此の事は治安の上から当然であつて、深く言ふほどのことも無いのであるが、ただ此処には如何に此の種の犯罪に就いて幕府が苦心したが、その一端を述ベるにとどめることとする。然し新編追加を見るとこれに関する禁令が夥しきまで載せてあるが、今はその中の主なるものを挙げて、多少の私見を加へることとした。但し条文の終りに附した数字は、新編追加の番号である。
売買の為に、其業を専らにする輩は、盗賊に准じて其沙汰あるベし。向後この法を守りて、施行せらるベし云々(日本古代法典本百二十二)。
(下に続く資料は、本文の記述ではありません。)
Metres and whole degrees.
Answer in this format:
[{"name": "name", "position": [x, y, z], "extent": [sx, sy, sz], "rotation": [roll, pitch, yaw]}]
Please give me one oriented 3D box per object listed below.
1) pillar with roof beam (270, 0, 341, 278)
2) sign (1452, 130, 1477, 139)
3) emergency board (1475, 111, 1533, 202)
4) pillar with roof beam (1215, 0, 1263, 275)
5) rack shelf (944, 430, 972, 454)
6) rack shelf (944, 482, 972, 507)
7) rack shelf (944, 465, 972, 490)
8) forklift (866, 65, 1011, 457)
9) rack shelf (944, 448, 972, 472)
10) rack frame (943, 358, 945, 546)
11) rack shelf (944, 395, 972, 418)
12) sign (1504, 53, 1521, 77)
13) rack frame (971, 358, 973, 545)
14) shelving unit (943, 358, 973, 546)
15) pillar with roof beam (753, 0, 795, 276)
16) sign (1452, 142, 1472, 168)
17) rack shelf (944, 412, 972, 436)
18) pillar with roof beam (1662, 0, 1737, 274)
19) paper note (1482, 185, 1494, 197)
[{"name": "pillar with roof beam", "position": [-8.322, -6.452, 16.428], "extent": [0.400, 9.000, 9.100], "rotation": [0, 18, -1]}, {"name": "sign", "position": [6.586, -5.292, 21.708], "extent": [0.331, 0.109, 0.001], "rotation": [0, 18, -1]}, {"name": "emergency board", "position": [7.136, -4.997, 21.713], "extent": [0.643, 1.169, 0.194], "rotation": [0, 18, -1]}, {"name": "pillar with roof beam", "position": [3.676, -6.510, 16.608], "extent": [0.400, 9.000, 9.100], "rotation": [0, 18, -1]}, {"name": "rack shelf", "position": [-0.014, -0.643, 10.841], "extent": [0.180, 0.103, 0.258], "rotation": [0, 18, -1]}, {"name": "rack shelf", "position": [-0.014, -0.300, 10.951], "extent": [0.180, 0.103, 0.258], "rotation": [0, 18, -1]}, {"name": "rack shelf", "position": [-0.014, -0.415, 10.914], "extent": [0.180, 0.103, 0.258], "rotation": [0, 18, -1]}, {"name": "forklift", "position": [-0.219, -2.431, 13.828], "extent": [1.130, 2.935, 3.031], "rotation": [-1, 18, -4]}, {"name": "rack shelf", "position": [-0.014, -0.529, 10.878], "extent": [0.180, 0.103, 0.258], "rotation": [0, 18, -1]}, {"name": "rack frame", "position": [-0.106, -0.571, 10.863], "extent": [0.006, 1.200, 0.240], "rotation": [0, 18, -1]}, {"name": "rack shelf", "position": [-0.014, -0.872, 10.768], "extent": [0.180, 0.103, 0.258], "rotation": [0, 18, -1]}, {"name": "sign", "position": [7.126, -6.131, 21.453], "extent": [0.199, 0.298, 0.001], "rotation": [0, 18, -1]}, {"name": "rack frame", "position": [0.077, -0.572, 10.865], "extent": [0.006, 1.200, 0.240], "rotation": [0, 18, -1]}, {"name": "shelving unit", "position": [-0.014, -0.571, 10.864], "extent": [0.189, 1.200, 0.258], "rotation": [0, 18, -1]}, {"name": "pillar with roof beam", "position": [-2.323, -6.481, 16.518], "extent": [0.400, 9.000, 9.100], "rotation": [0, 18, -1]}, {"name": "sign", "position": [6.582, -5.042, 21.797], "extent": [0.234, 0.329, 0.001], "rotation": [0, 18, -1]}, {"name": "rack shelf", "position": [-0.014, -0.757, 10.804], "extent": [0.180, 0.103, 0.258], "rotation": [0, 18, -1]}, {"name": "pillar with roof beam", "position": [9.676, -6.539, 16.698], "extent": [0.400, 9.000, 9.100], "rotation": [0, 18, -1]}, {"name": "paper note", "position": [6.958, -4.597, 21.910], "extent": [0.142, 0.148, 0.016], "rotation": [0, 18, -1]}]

件の輩、本条に任せ断罪さるベし。且つ人商人は、鎌倉中並に諸国の市間に、多く以て之あり、自今以後は、鎌倉は奉行人に仰せ、交名の注申に随ひ追放せらるベく、諸国に至つては、守護人に仰せて科断せしむべし(百二十四)
件の族、本条に任せ罪科に処すベきなり。而して鎌倉中並に諸国の市塵の間に、多く此業を専らする輩あり。諸国に至つては守護地頭等に仰せ、慥に断罪すべし。鎌倉中に於ては火印を其面に捺すベし(百二十七)。
斯く幕府は勾引人を盗賊に准じて罰し、且つ面上に火印を捺すまでの刑を科したのであるが、その成績は思ふに任せぬ事が多かつた。猶当時の規定に由れば親子兄弟等の間に於いては、勾引罪は成立せぬことになつてゐた。